**ABOUT THIS EXERCISE**
Would you print the records below from the first line through the line containing "924x1307 pixels.", skipping the pictures?
----
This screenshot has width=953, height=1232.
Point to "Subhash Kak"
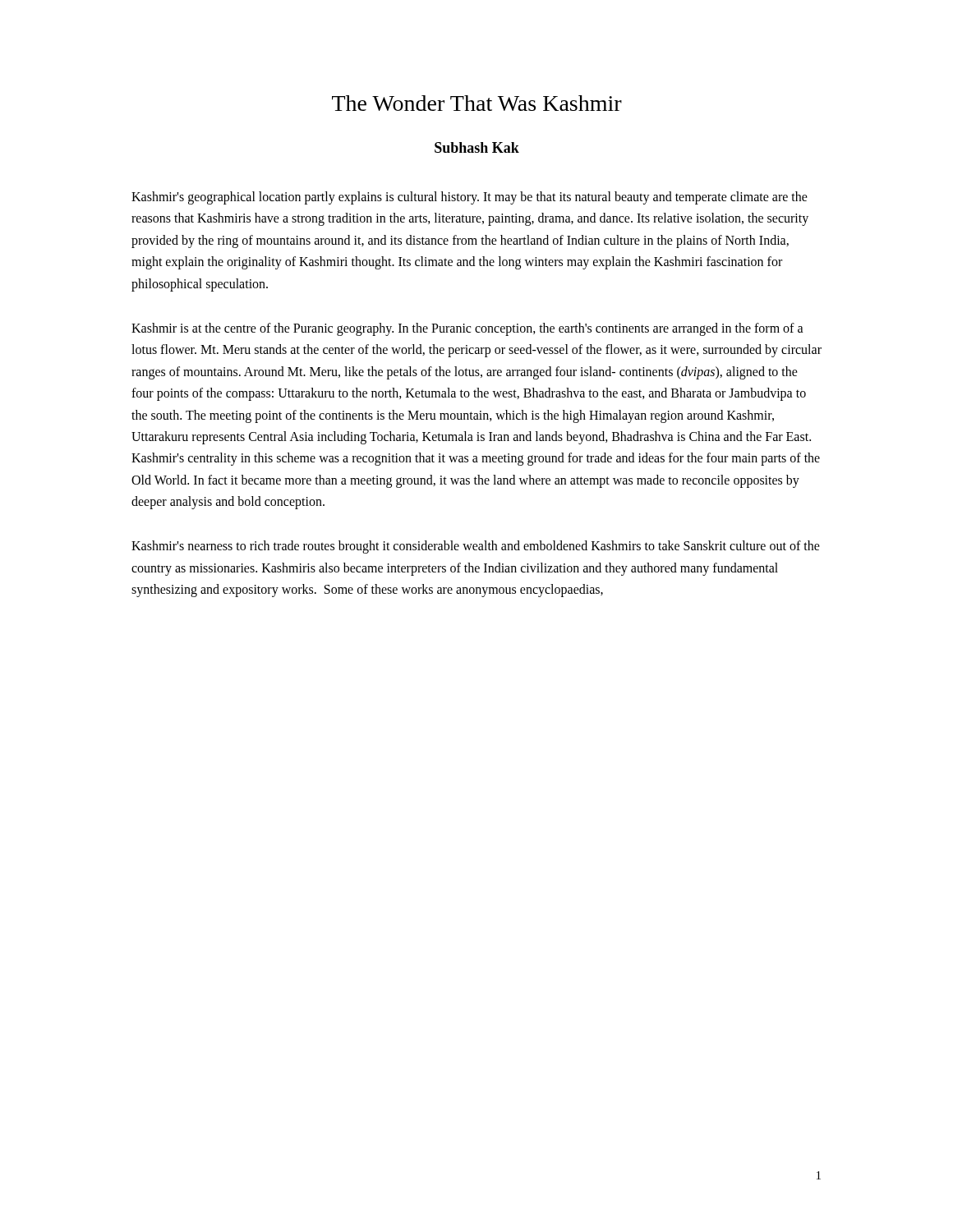tap(476, 148)
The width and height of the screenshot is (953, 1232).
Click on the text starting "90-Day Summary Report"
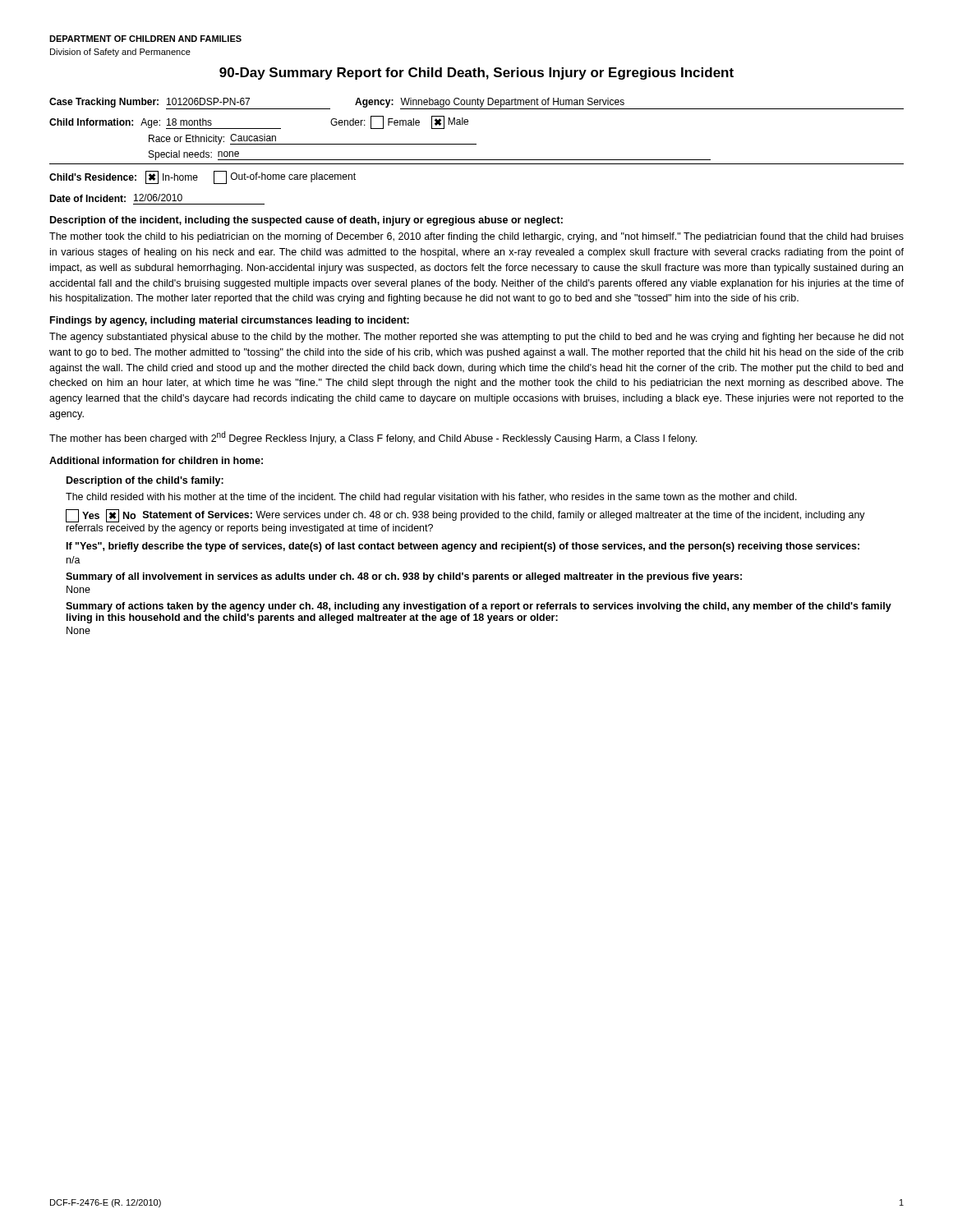[x=476, y=73]
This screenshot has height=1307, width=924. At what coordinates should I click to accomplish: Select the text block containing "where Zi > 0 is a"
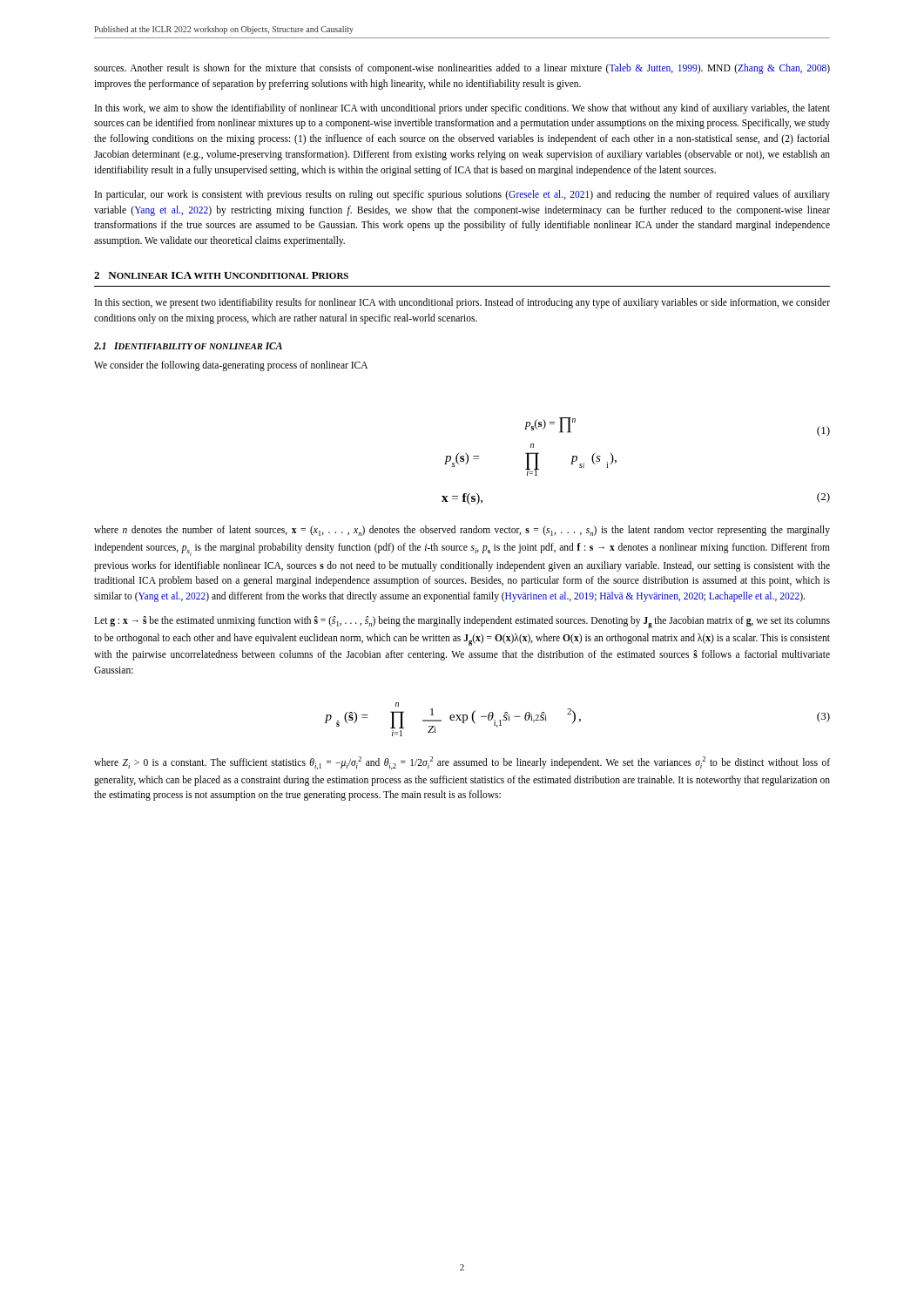[462, 779]
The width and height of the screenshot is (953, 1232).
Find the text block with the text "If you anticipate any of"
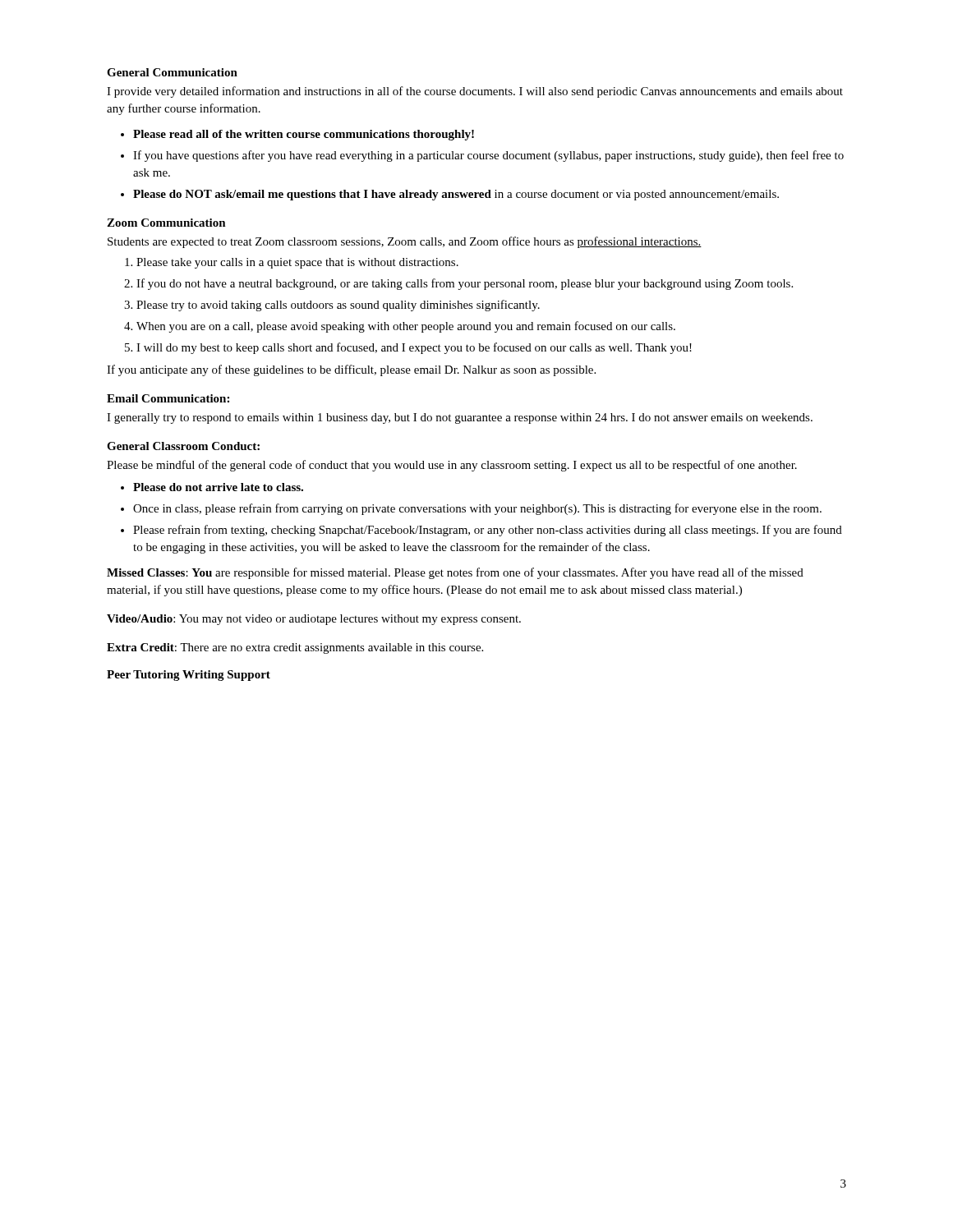point(352,370)
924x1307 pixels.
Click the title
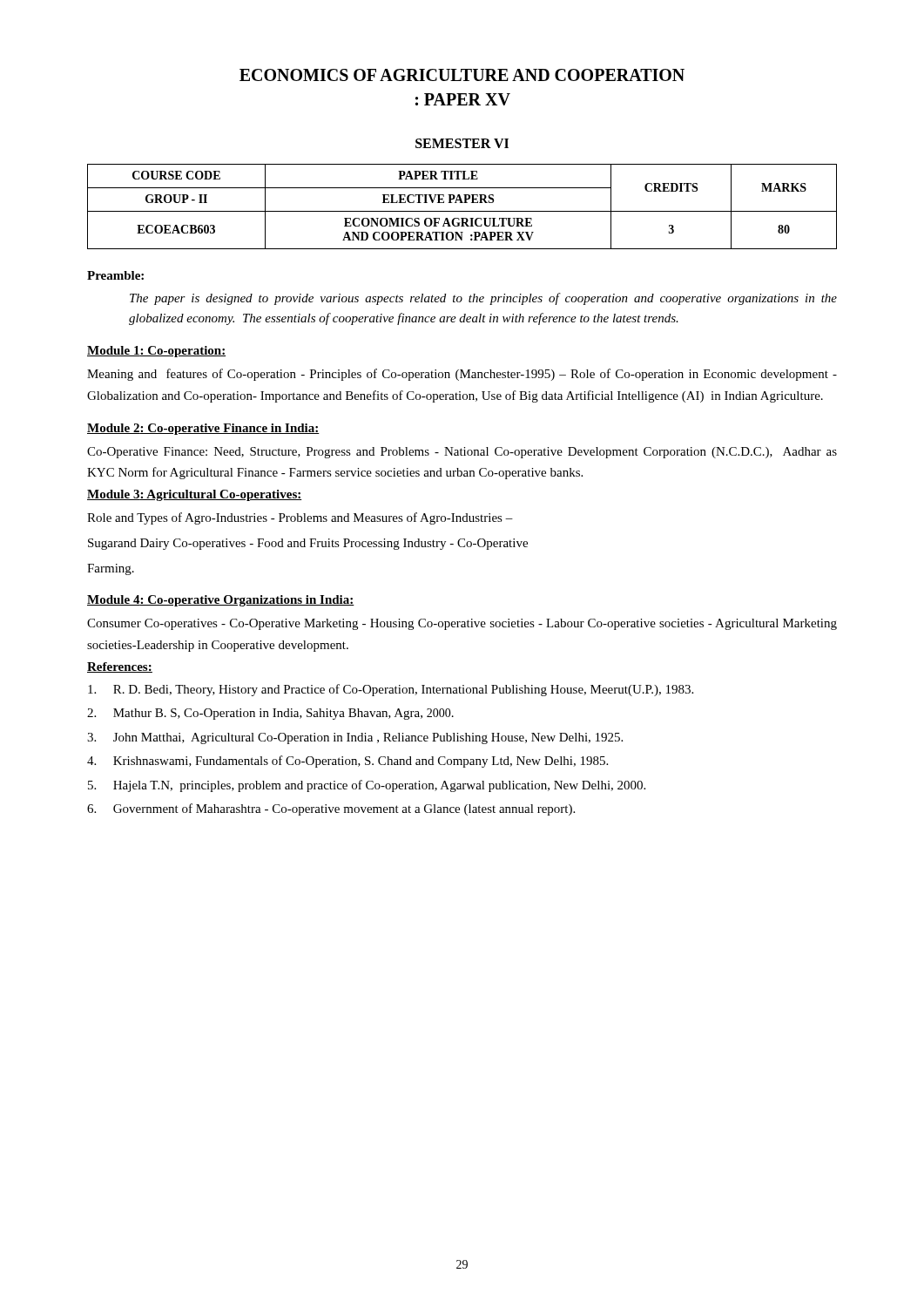[462, 87]
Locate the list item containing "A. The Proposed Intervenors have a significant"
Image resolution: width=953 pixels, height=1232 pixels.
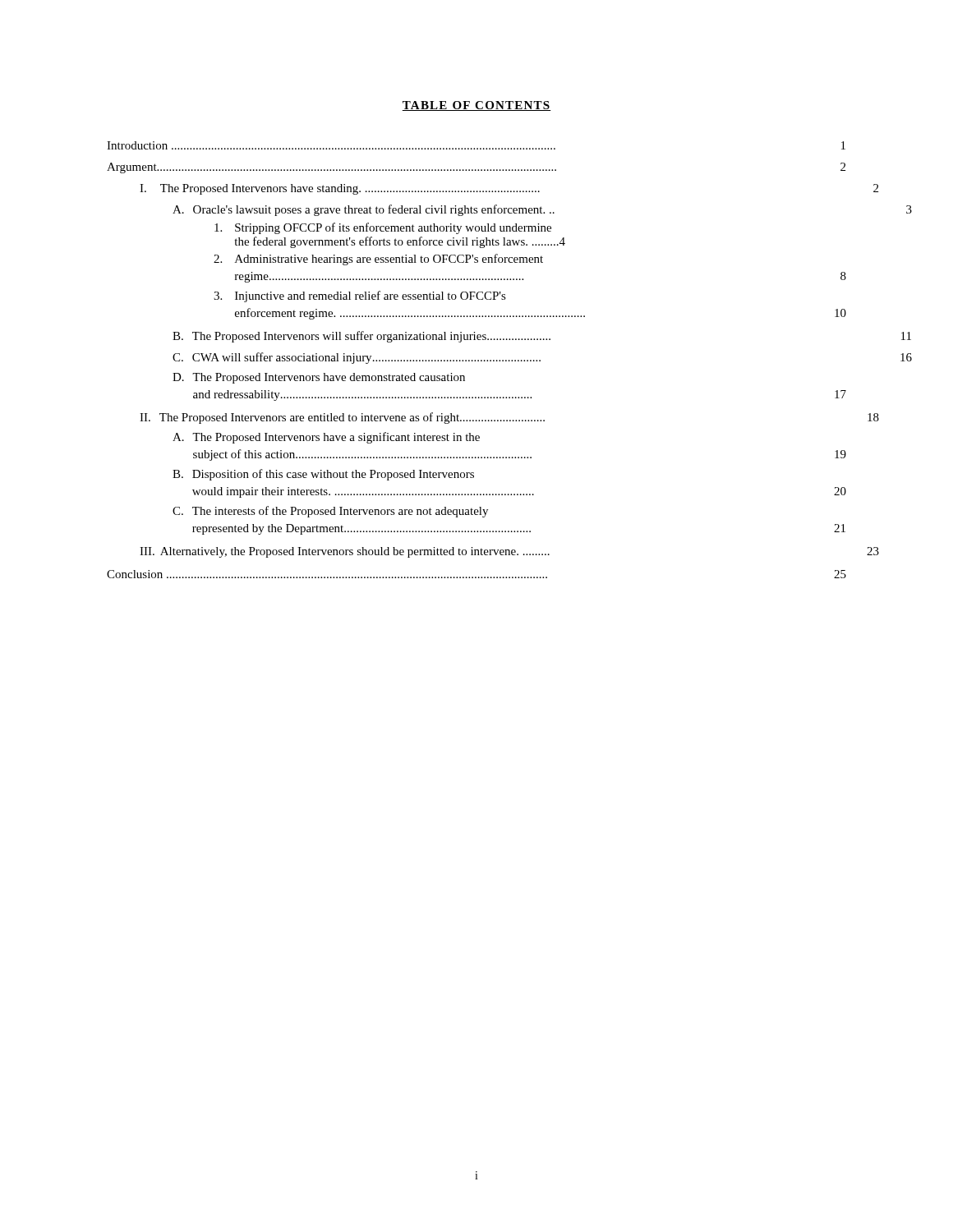[x=476, y=447]
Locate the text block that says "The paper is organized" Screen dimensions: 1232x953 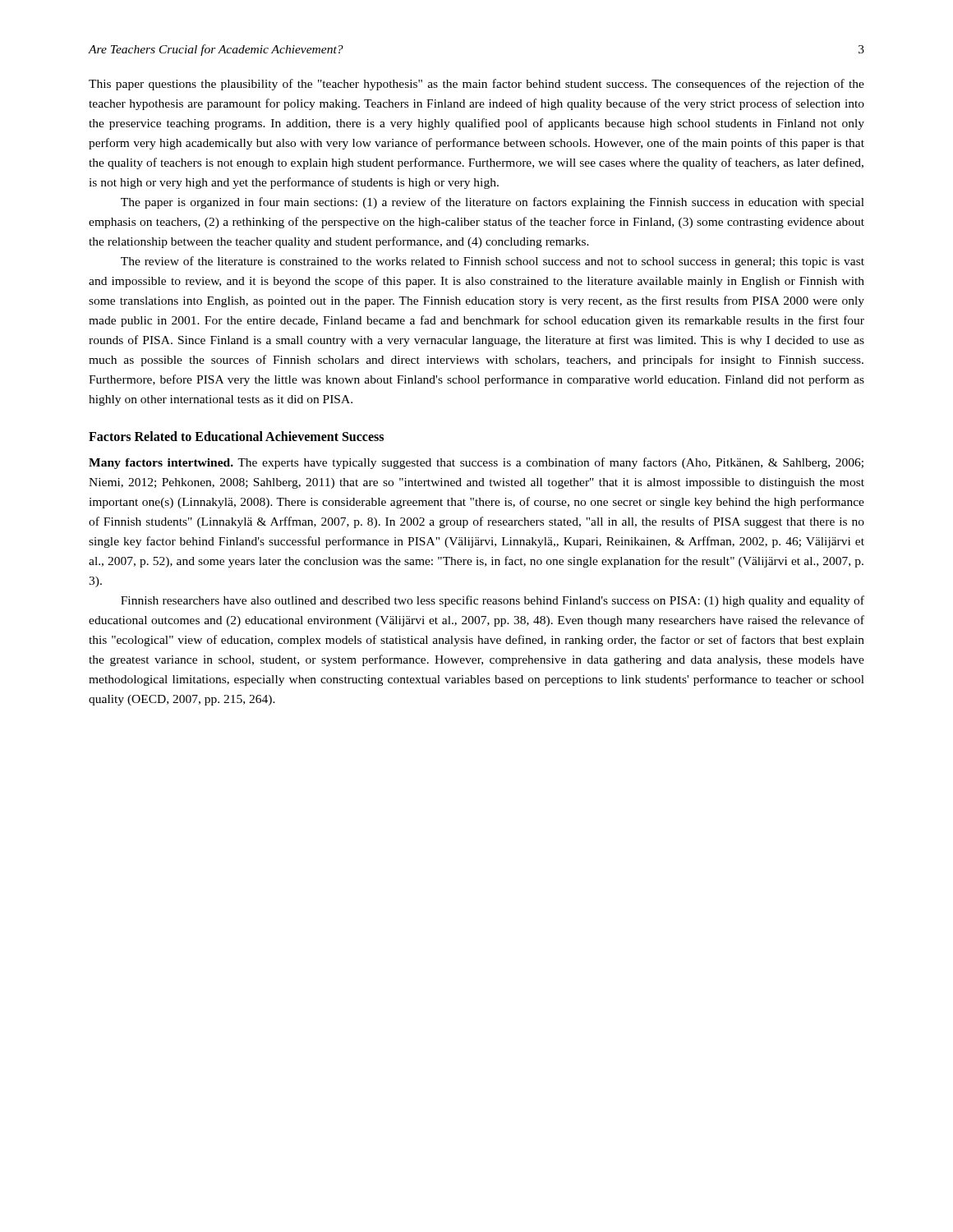click(476, 222)
----
**WRITTEN SOLUTION**
This screenshot has width=953, height=1232.
Point to "Subhash Kak"
tap(476, 148)
The width and height of the screenshot is (953, 1232).
Click on the text starting "90-Day Summary Report"
[x=476, y=73]
This screenshot has height=1307, width=924. At what coordinates should I click to accomplish: Select the text block containing "where Zi > 0 is a"
[462, 779]
The width and height of the screenshot is (953, 1232).
Find the text block with the text "If you anticipate any of"
point(352,370)
924x1307 pixels.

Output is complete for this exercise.